When the Handicapper(s) uses a Pseudonym
Any successful sports handicapper should be willing to use his actual name in all of his business transactions. This is particularly true if your hard-won money is involved. Sure, a few handicappers can employ a catchy nickname for promotion purposes, and that is fine. But every one of us has a valid first and last name. Anyone who’s honest about what they do for a living should be inclined to be known publically. I’ve discussed this awkward point with a few fulltime touts who insist they use pseudonyms for lawful reasons and/or to maintain privacy. I call bullshit. If you can not take pride in what you do for a living, or you’re uncomfortable with your clients understanding your individuality, then you need ton’t be in the business. Here’s a question: Would you take financial advice from somebody who does not utilize his (or her) real individuality and instead relies on a fake name? Certainly not. This must also apply to anyone you trust to supply sports picks.
Handicappers Using Phoney Academic Credentials
Through time I have seen many scumbag handicappers use”Doctor” or”Professor” in their titles. This would be absolutely fine if they actually had academic qualifications — especially in fields such as statistics, psychology, or another field related to sports betting. Fact is, these”doctors” and”professors” are frauds. They’re liars. Years ago, a scam-capper who went by the title”Dr.” Ed Horowitz was exposed as a cocaine addict and has been found to be a convicted felon. More recently,”Dr. Bob,” a college dropout who lit up the sports gambling scene about a decade ago when he travelled on a (possibly random) hot streak which captured the attention of mainstream press, doesn’t have doctorate in anything. He’s still around. Be cautious about who you trust. Academic titles shouldn’t be slung around broadly together with the intent to set a false credibility so as to fool people. Academic credentials should be rightfully earned. No sports advisory service to my understanding has any physicians of professors functioning as fulltime handicappers. Maybe they do exist and in that case, they could place a duplicate of the doctorate at the website.

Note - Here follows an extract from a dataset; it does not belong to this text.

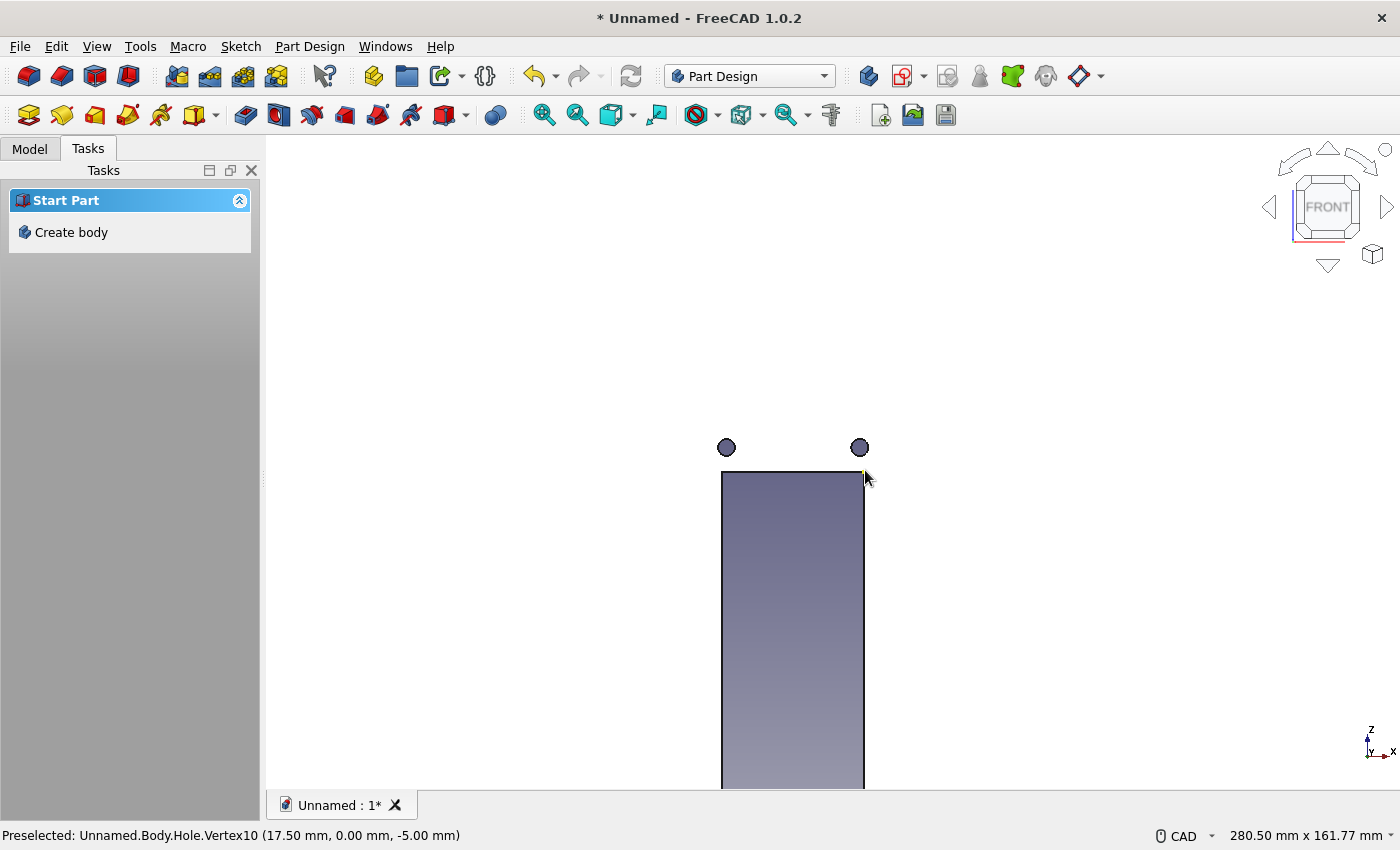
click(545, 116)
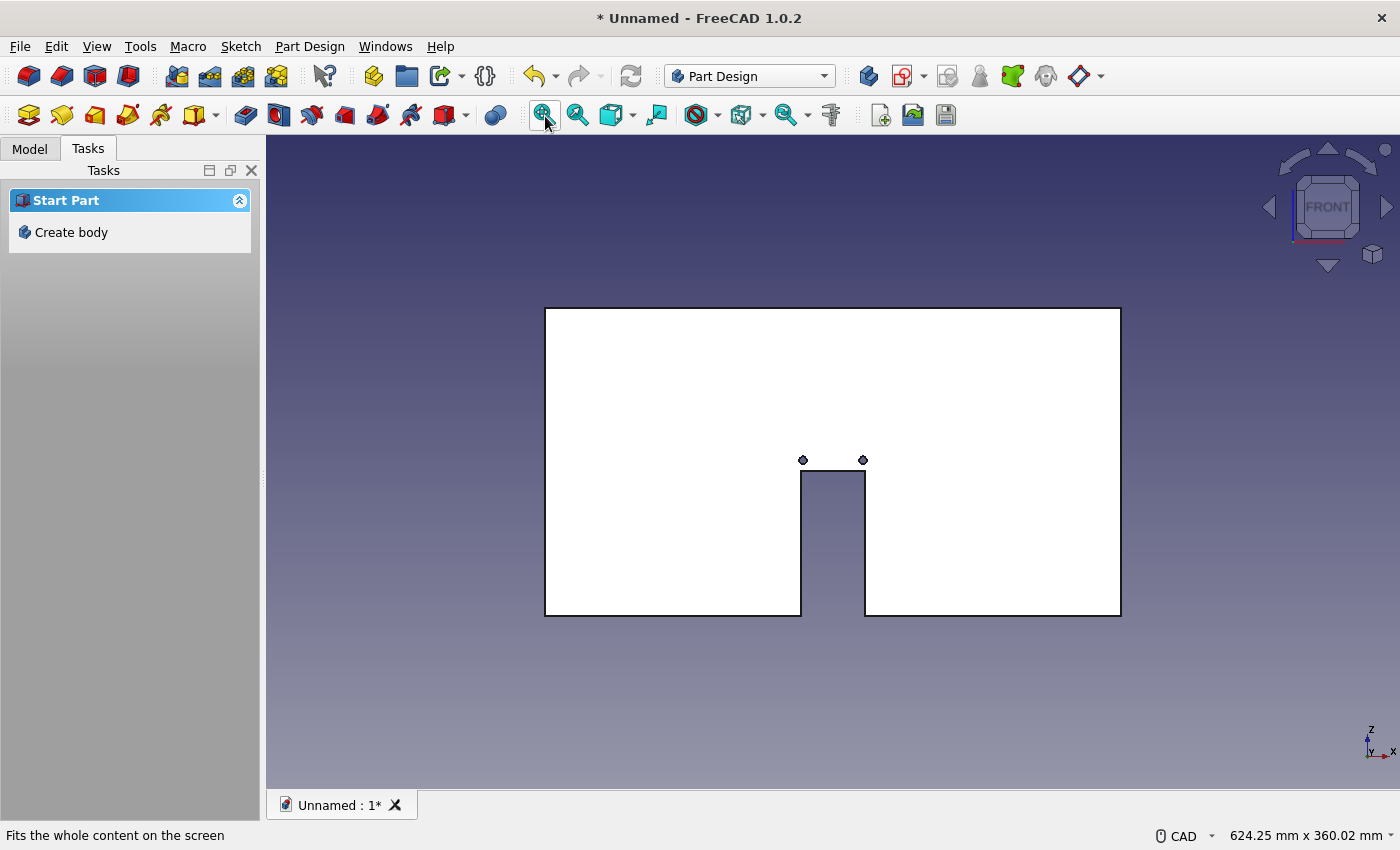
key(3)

Living a High-Roller Lifestyle
You will find legitimate handicappers and honest sports services creating a living exploring games and then giving out the plays, and perhaps even gambling on those picks themselves. Each one of them puts in massive numbers of hours. This is especially true for bona fide sports solutions that really do care about their clients, which are few and far between. If you see ads (or worse,”reality television” shows or videos) with douchebags posing with elaborate automobiles surrounded by pretty women, or fanning substantial wads of money — run in the opposite direction. They’re all crooks. Shit stains. Scum. Each of them. Here is the truth: Actual sports handicappers do not call attention to themselves. Real sports handicappers do not throw around $100 bills like confetti, nor hang out in Las Vegas nightclubs. Real sports handicappers work their asses off since that’s what it takes to win in the enterprise.
Touting Just Recent Win-Loss Results
This is a red flag that screams — scam! We see this frequently, especially on print ads and all over social media, including Twitter and Facebook. “We went 8-2 our last 10 plays! Sign up today!” So, the service asserts they went 8-2. So what? I can flip a coin and it might come up 8 heads and two tails (there’s a 3 percent chance of this happening if you flip a coin ten days right now). However, why is the ceremony bragging about only the last ten picks? What occurred the previous 20 picks? Or previous 50 picks? You could be absolutely certain — if the service had enjoyed a longer winning streak, they’d be bragging about it. Truth is, the ceremony may have gone 2-8 the prior week and ended up with a 10-10 overall record. Minus the normal 10 percentage vig in addition to the service’s subscription fee, congratulations — you are well on your way to going broke. All of that matters in sports handicapping in the long term. 1 day, 1 week, or even one month is practically meaningless. Unless a service can provide a legitimate W-L record on a protracted period (at least a year, and preferably several years), they should be avoided regardless of what claims that they make. [One more thought: A trusted service shouldn’t have to constantly brag about themselves — winners become self-evident]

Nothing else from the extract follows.